厄奎奥拉:人们对于学院之间不公正的疑虑,起码按照我的观察,主要来源并不是非精英学院的院长或则教育评论家。我觉得,这种观察者主张的还是广泛扩大对于教育的财政支持力度,为更多校区提供发展所需的资金。并且极少会有人要求降低对顶级学院的财政拨款和支持。我认为你的问题反映了两种认知。第一种是名牌学院的捐款基金的确起到了作用,例如为学院生提供优厚的经济补贴,第二种是按照顶楼设计,一流高校的经费原本就不足以解决整个高等教育系统存在的所有弊病。这些以研究为导向的中学中的佼佼者仍然只是很小的一部份。

在入学的机会公正方面,不仅affirmativeaction(平权法案)、奖学金等举措之外,日本名牌学院还有推出什么举措,避免由于利益固化而阻断贫苦和少数族群中学生的上升之路?
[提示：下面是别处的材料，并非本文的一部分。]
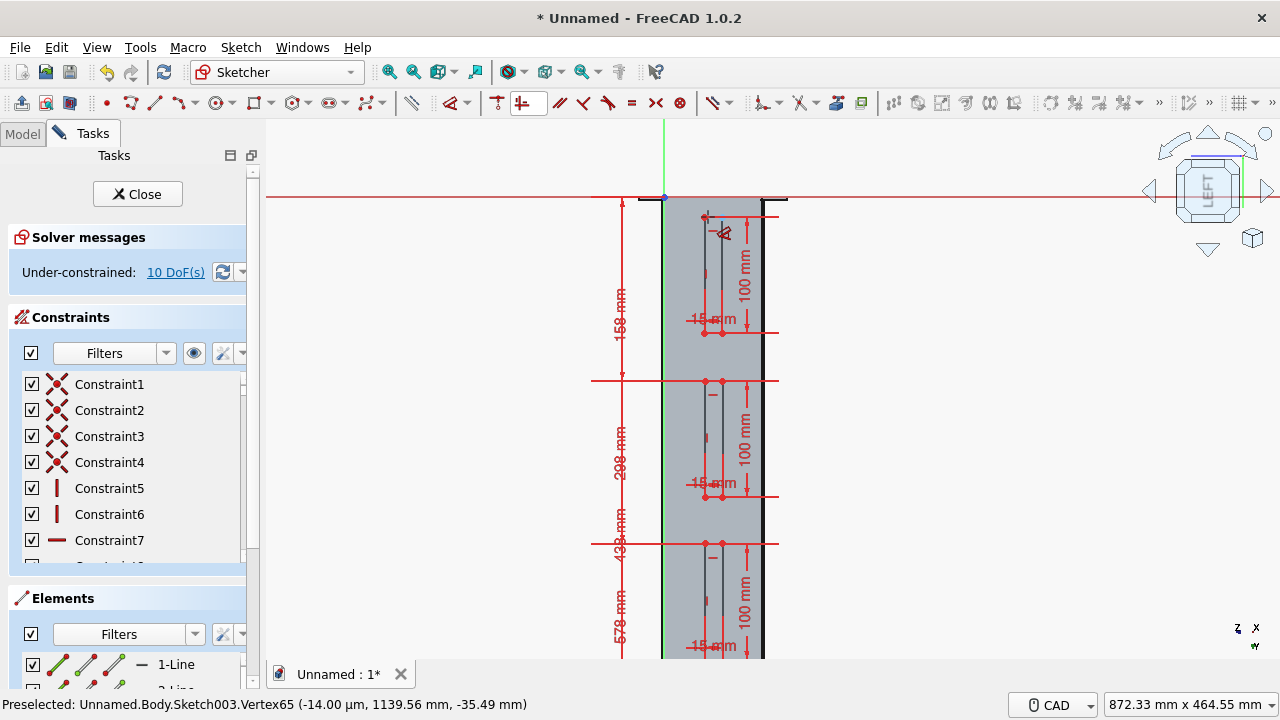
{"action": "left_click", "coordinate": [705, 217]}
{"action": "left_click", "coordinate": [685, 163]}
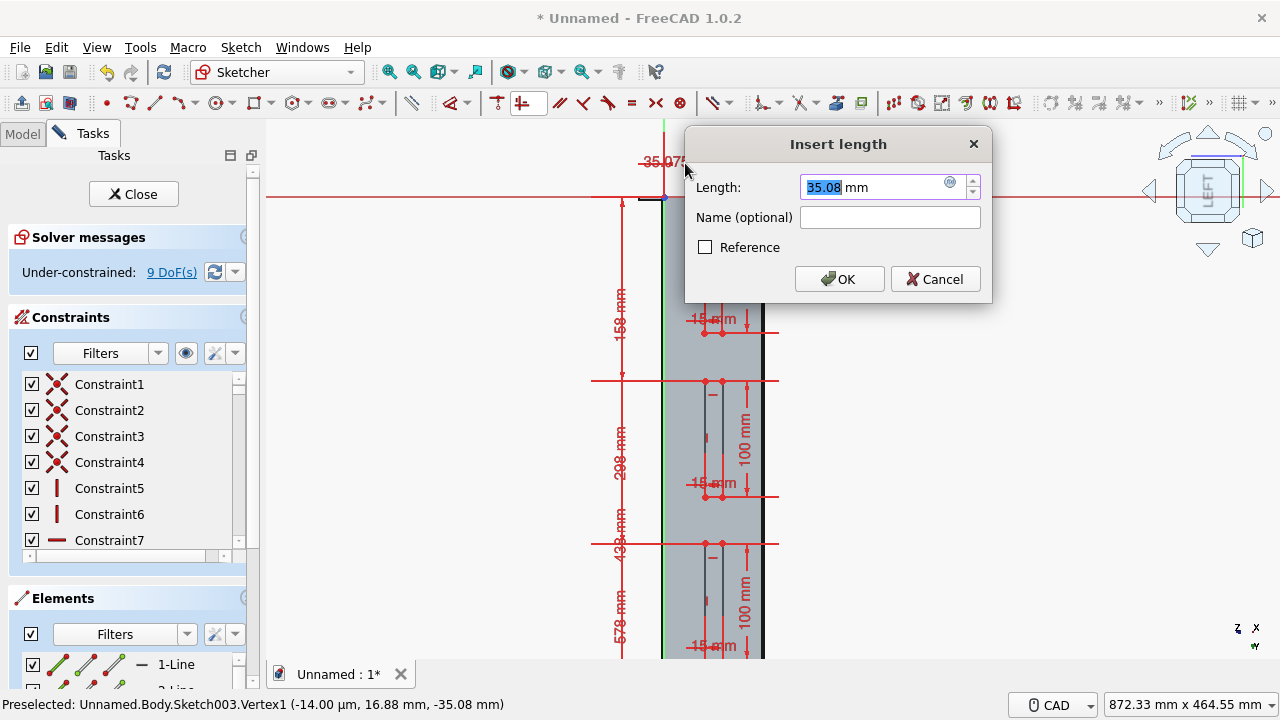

厄奎奥拉:正如你所言,这方面的举措包括提供助学金等等补贴,或则是拉拢家庭条件和背景不佳的申请人。除此之外,马来西亚的顶级学院还越来越注重颁布新的机制,帮助那些弱势群体的中学生获得成功。另外,它们还在持续降低投入,借以打通“人才输送管线”,在中学生学习生涯更早的阶段介入,以获得更多优质生源。

您的书里两次提及了“近亲繁育”(inbreeding),例如说,JamesConant治下的耶鲁,在社会科学领域曾落后于芝大和哥大,很大一个诱因就是“近亲繁育”;加洲学院伯克利校区则反对“近亲繁育”,坚持不聘用自己的中学生。目前日本学院在这一块是如何做的?例如您所任职的哥大,自己培养的博士生留校任教的比列大约是多少?其它名校呢?

厄奎奥拉:这方面我没有详尽的数据,但我可以说的是,英国名校的不少院系都秉持一种准则,或则说一种模式,尽可能避开录用自己的结业生。似乎并没有明文规定应当如此做,只是业界早已产生了一种约定俗成的准则。我认为这些准则还是有益处的。具体而言,某一时间点上,这些准则似乎会导致错失人才,例如某所中学可能培养出了一位能力超群的结业生,似乎没道理不聘用“自己人”。并且问题在于,常会有人替人求情,希望留下“自己人”,而这些情况发生得太过频繁了。因而可以说,防止“近亲繁育”是有充分理由的。

另一种可行的做法是,让出众的结业生先在其它地方开始职业生涯,日后再将她们病休回去。这在一个名牌学院林立的国度里并不难实现。